Dataset entries:
+++

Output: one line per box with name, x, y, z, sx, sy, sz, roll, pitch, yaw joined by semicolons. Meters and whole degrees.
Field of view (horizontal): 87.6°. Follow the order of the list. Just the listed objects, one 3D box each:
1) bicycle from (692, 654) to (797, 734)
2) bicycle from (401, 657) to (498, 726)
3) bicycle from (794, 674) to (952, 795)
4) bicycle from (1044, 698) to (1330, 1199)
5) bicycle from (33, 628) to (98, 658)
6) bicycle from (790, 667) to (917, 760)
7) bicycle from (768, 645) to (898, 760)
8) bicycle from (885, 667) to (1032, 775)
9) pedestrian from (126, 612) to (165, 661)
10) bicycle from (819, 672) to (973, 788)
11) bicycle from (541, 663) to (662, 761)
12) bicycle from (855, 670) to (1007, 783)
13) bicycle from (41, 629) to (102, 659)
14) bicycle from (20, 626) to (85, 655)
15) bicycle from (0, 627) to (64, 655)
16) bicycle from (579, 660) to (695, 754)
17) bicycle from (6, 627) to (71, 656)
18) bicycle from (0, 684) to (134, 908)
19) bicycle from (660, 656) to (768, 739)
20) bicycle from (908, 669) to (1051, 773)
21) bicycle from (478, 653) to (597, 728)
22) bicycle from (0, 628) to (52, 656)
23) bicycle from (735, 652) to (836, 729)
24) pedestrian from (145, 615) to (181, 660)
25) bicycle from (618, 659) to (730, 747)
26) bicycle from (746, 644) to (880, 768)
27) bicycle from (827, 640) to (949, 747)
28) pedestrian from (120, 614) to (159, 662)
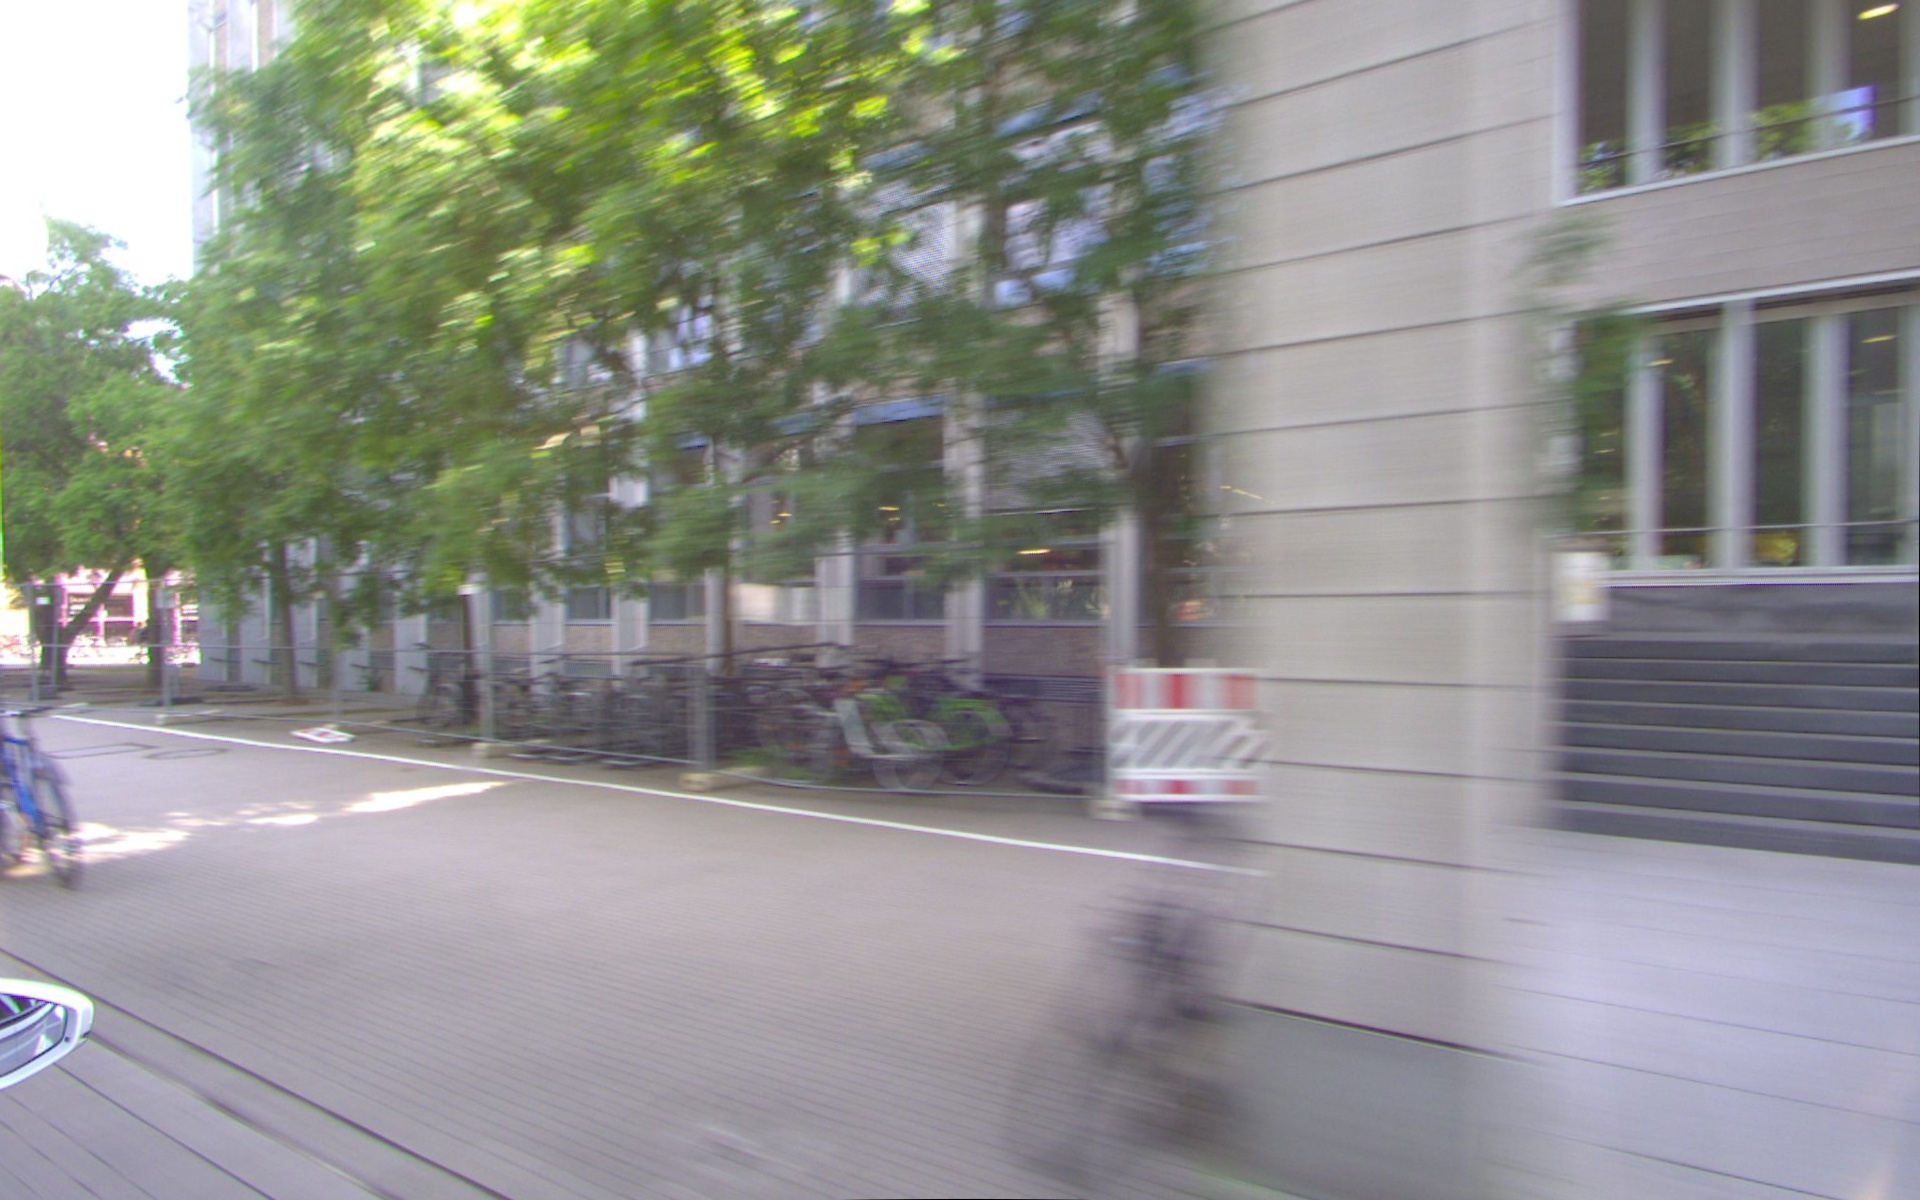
bicycle;-2.671;1.138;12.349;1.426;0.917;0.290;0;0;29
bicycle;-7.288;1.284;14.284;1.592;0.917;0.290;0;0;24
bicycle;-0.760;1.122;8.553;1.426;0.917;0.290;0;0;29
bicycle;0.795;0.916;3.091;0.442;1.053;1.737;1;1;27
bicycle;-35.097;1.681;39.303;0.517;1.124;1.804;-1;-2;35
bicycle;-1.142;1.178;10.604;1.426;0.899;0.290;0;0;29
bicycle;-1.316;1.029;10.301;1.426;1.108;0.290;0;0;29
bicycle;-0.031;1.120;9.449;1.426;0.917;0.290;0;0;29
pedestrian;-30.019;1.351;36.911;0.674;1.750;0.901;-3;-1;27
bicycle;-0.578;1.120;8.836;1.426;0.917;0.290;0;0;29
bicycle;-3.681;1.122;10.255;1.426;0.917;0.290;0;0;29
bicycle;-0.283;1.119;9.064;1.426;0.917;0.290;0;0;29
bicycle;-34.229;1.690;38.602;0.468;1.124;1.690;-1;-2;35
bicycle;-35.758;1.600;39.475;0.516;1.124;1.807;0;-2;31
bicycle;-37.341;1.648;40.332;0.516;1.124;1.808;0;-2;29
bicycle;-3.482;1.130;10.761;1.426;0.917;0.290;0;0;29
bicycle;-36.574;1.643;39.758;0.517;1.124;1.805;-1;-2;35
bicycle;-5.518;1.058;5.816;1.831;1.053;0.536;-1;0;32
bicycle;-2.935;1.141;11.918;1.426;0.917;0.290;0;0;29
bicycle;0.174;1.162;9.802;1.426;0.917;0.290;0;0;29
bicycle;-5.545;1.165;13.099;1.775;0.917;0.290;0;0;24
bicycle;-38.839;1.724;41.412;0.516;1.124;1.807;0;-2;30
bicycle;-2.275;1.155;12.974;1.426;0.917;0.290;0;0;29
pedestrian;-31.439;1.470;39.506;0.674;1.750;0.901;-3;-1;27
bicycle;-3.248;1.144;11.320;1.426;0.917;0.290;0;0;29
bicycle;-1.475;1.024;9.940;1.426;1.143;0.290;0;0;29
bicycle;-0.811;1.019;11.154;1.426;1.113;0.290;0;0;29
pedestrian;-30.666;1.402;37.445;0.674;1.750;0.901;-3;-1;27

+++

**Work item**
Print exactly the lines above from the one with "6) bicycle from (790, 667) to (917, 760)" to the one with "27) bicycle from (827, 640) to (949, 747)", including both.

**Response**
6) bicycle from (790, 667) to (917, 760)
7) bicycle from (768, 645) to (898, 760)
8) bicycle from (885, 667) to (1032, 775)
9) pedestrian from (126, 612) to (165, 661)
10) bicycle from (819, 672) to (973, 788)
11) bicycle from (541, 663) to (662, 761)
12) bicycle from (855, 670) to (1007, 783)
13) bicycle from (41, 629) to (102, 659)
14) bicycle from (20, 626) to (85, 655)
15) bicycle from (0, 627) to (64, 655)
16) bicycle from (579, 660) to (695, 754)
17) bicycle from (6, 627) to (71, 656)
18) bicycle from (0, 684) to (134, 908)
19) bicycle from (660, 656) to (768, 739)
20) bicycle from (908, 669) to (1051, 773)
21) bicycle from (478, 653) to (597, 728)
22) bicycle from (0, 628) to (52, 656)
23) bicycle from (735, 652) to (836, 729)
24) pedestrian from (145, 615) to (181, 660)
25) bicycle from (618, 659) to (730, 747)
26) bicycle from (746, 644) to (880, 768)
27) bicycle from (827, 640) to (949, 747)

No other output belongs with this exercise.